(SOURCE DATA begins)
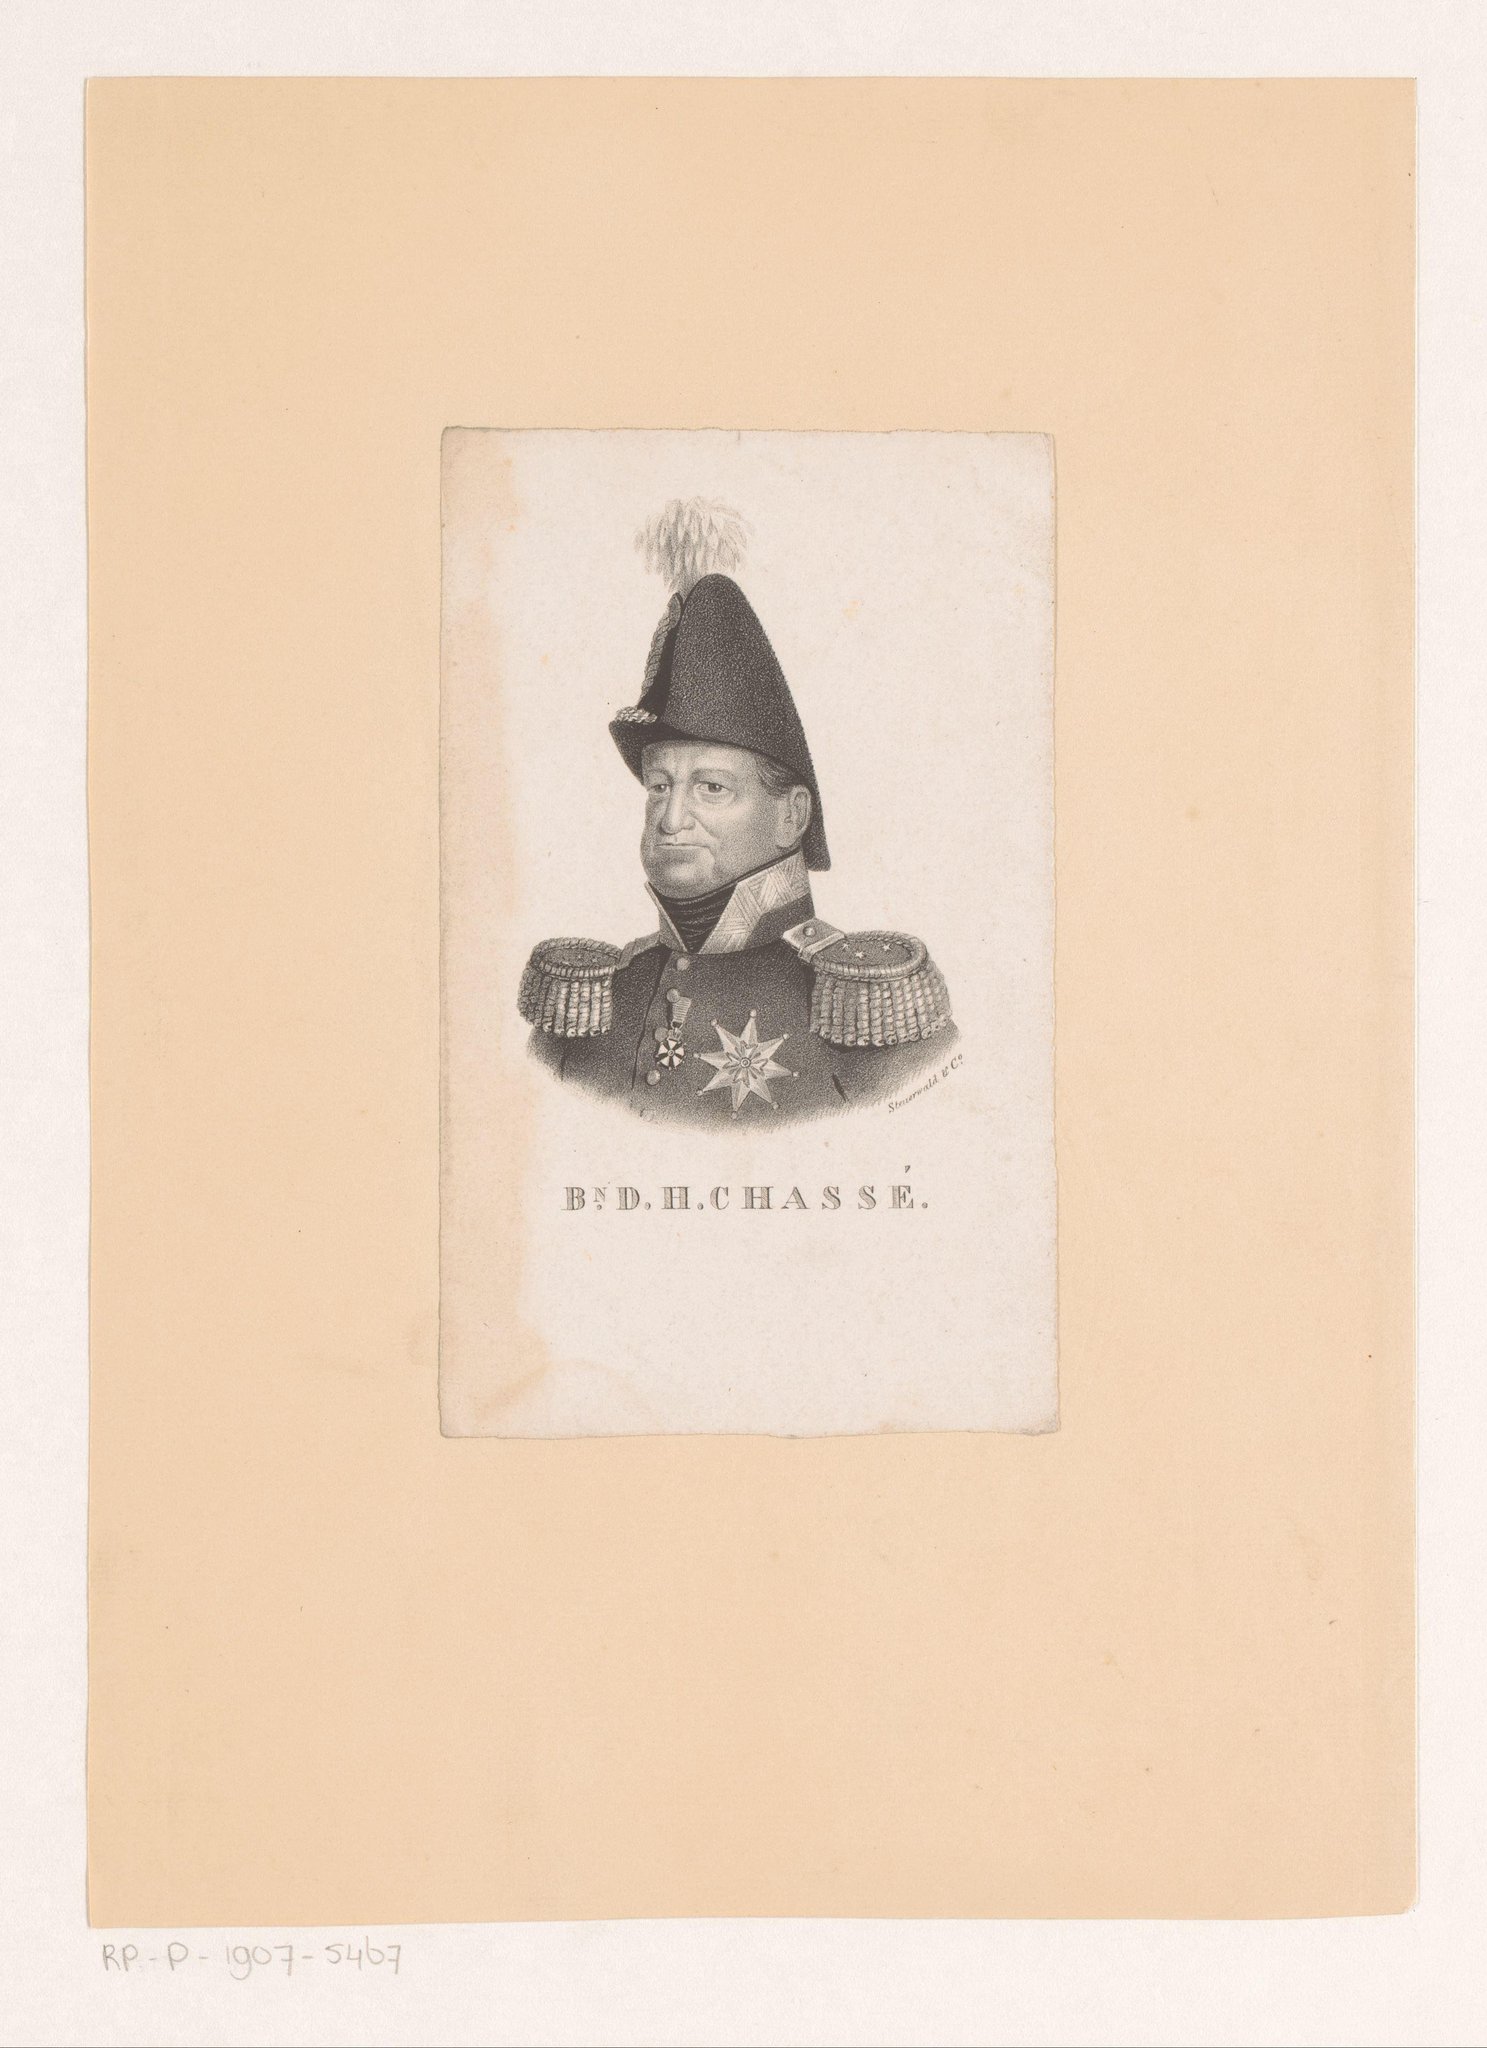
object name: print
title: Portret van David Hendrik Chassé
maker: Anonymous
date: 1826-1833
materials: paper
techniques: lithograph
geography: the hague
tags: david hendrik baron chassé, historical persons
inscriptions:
(SOURCE DATA ends)
(SOURCE DATA begins)
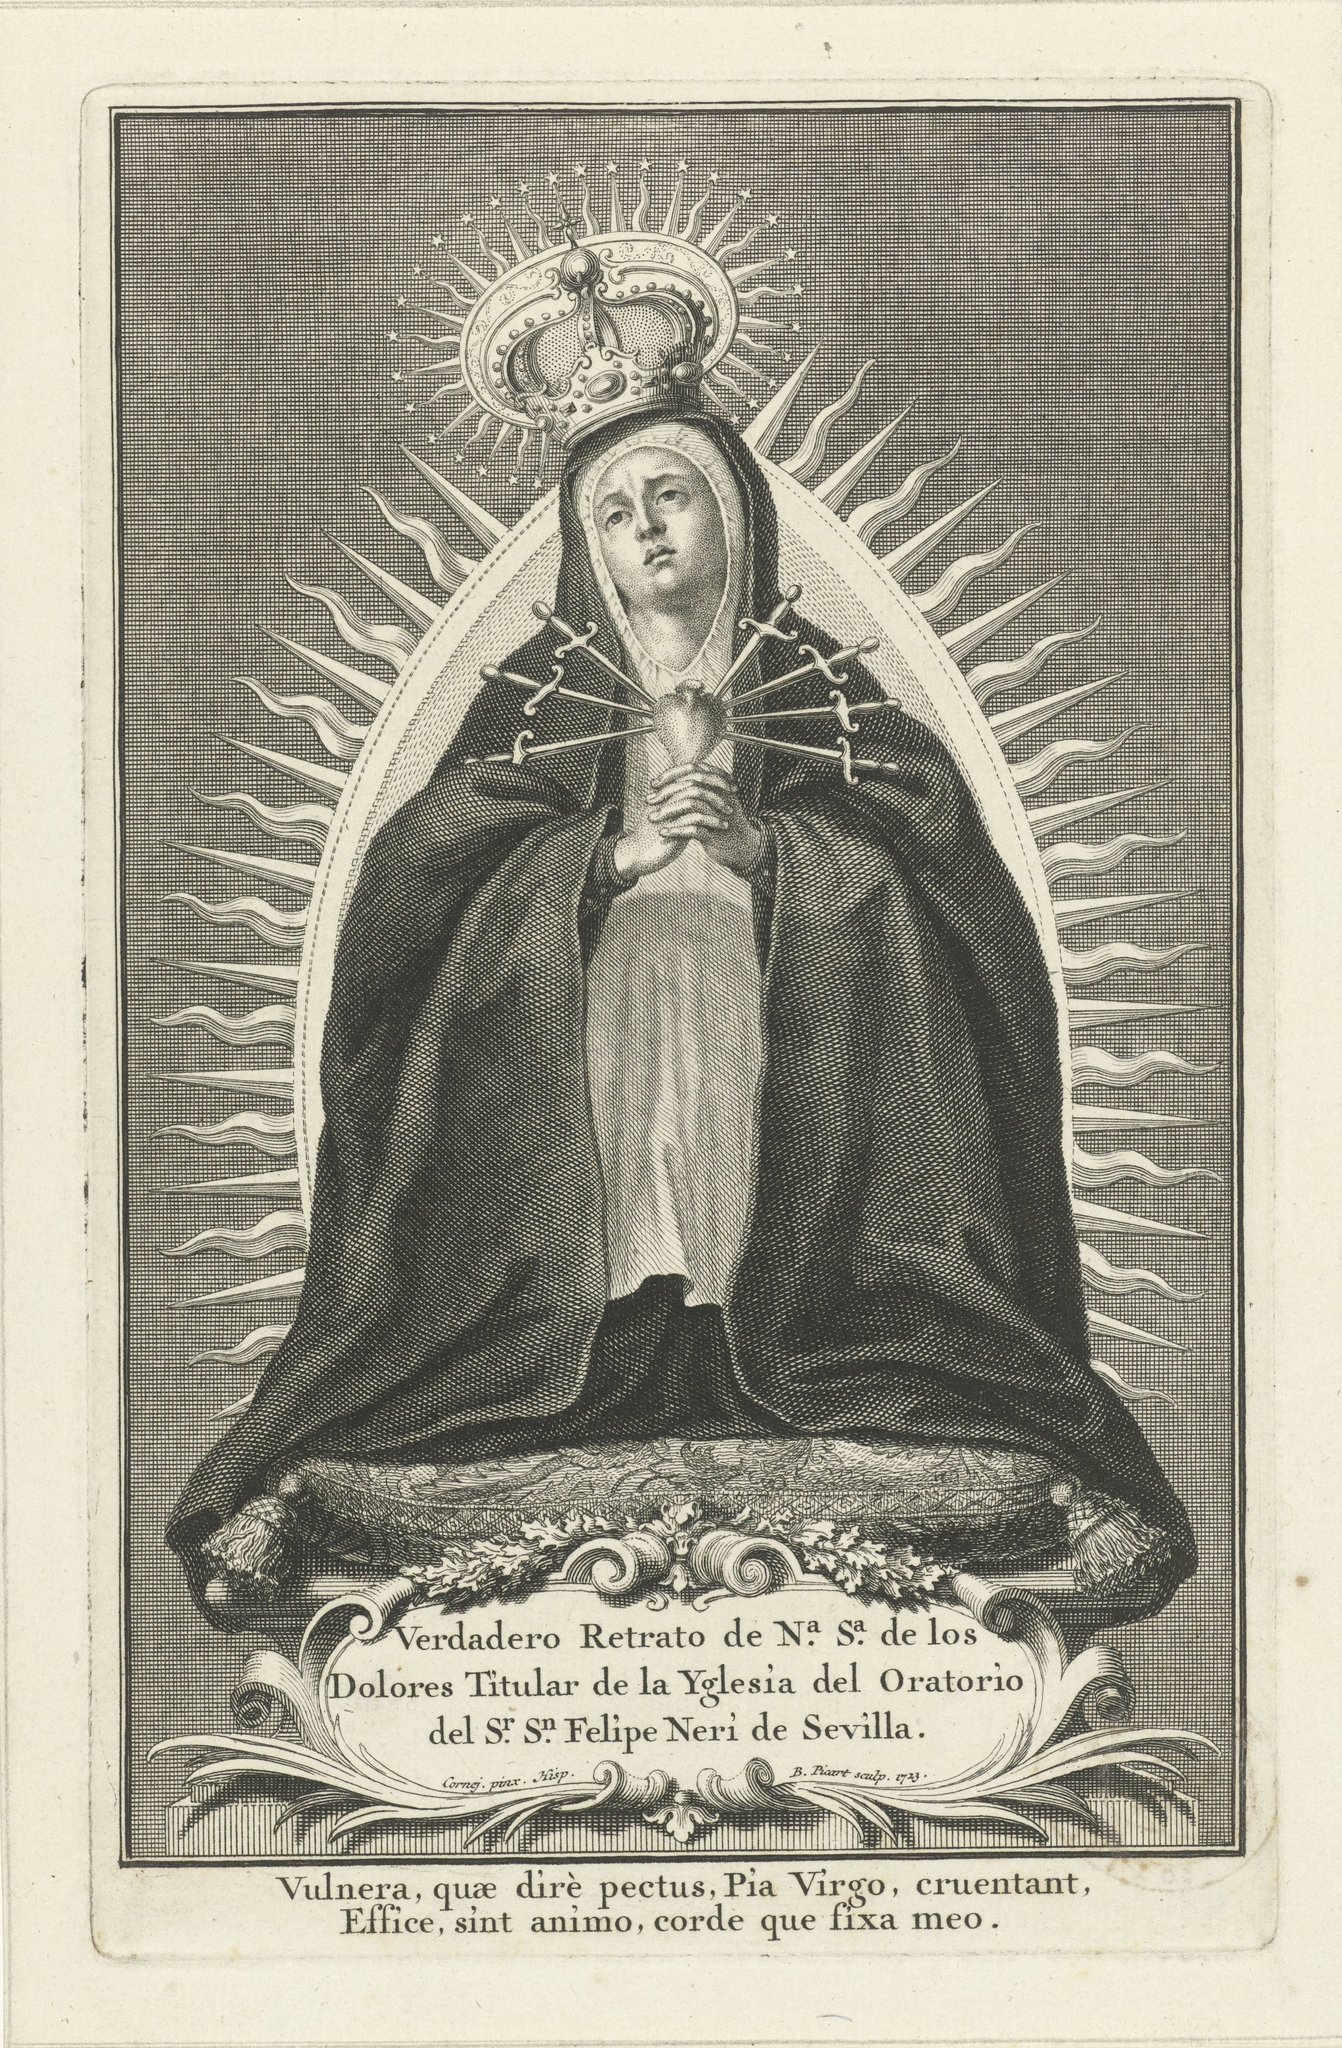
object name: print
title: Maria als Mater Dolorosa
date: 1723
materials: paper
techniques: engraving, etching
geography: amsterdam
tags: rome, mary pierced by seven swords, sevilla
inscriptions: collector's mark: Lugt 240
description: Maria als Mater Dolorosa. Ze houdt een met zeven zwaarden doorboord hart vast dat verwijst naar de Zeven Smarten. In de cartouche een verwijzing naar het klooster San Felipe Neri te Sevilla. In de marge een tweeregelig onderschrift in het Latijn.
(SOURCE DATA ends)
(SOURCE DATA begins)
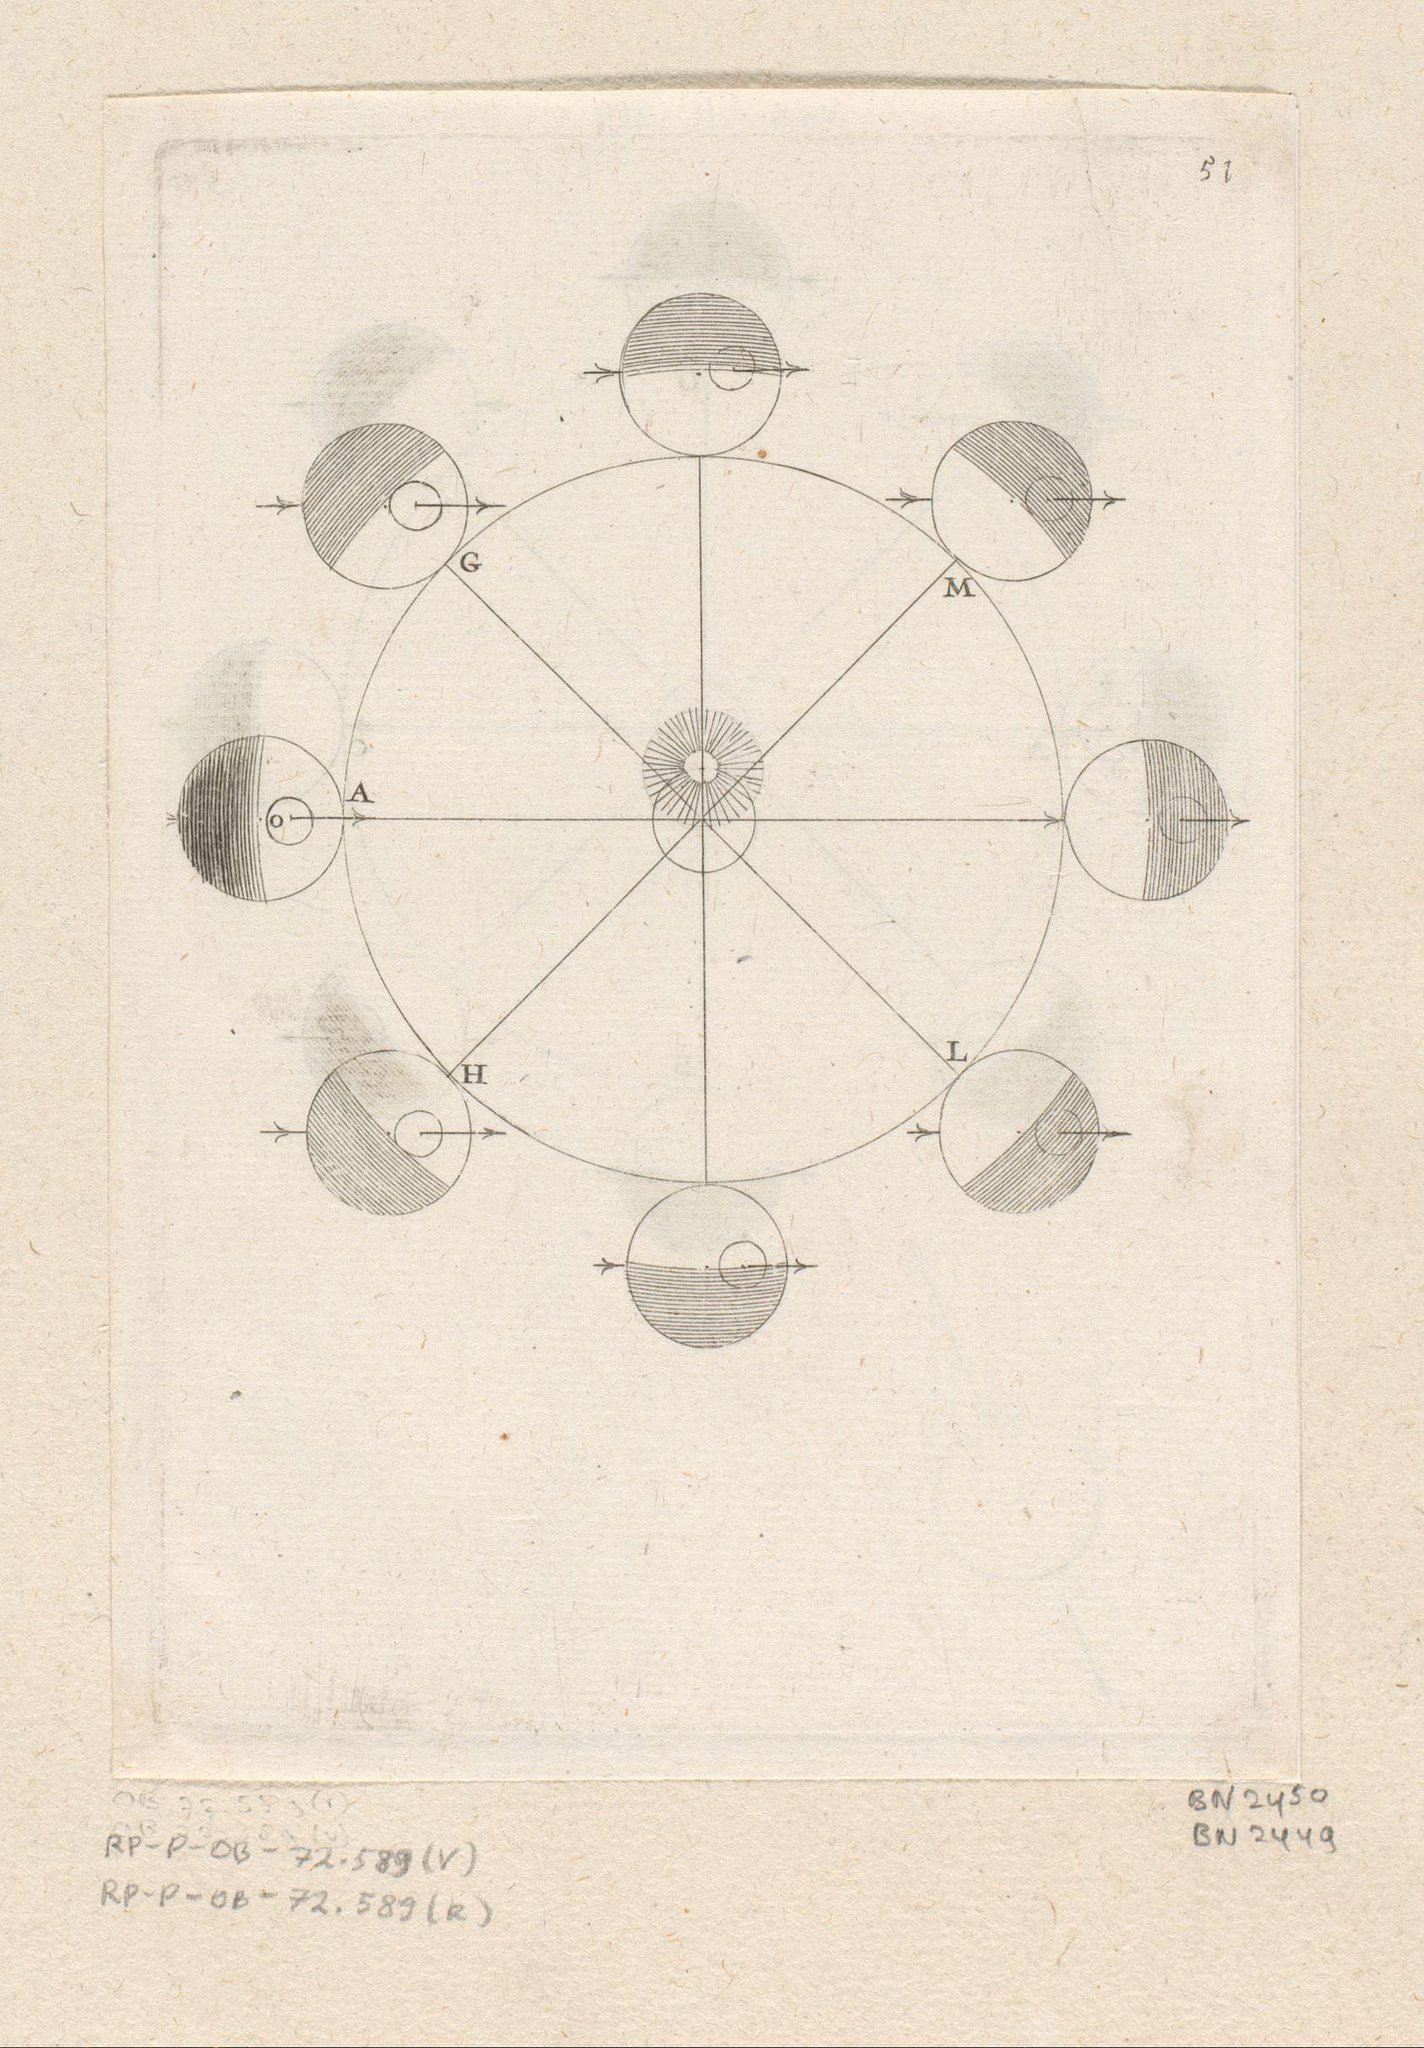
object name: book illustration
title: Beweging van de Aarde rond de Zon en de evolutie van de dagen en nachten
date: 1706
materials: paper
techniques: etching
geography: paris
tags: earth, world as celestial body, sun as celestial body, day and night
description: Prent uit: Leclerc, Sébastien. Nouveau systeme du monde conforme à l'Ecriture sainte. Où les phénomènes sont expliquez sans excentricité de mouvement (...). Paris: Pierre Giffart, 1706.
(SOURCE DATA ends)
> **DESCRIPTION OF THE TASK**
Report every line containing the word "techniques" from the listing above.

> **OUTPUT OF THE TASK**
techniques: lithograph
techniques: engraving, etching
techniques: etching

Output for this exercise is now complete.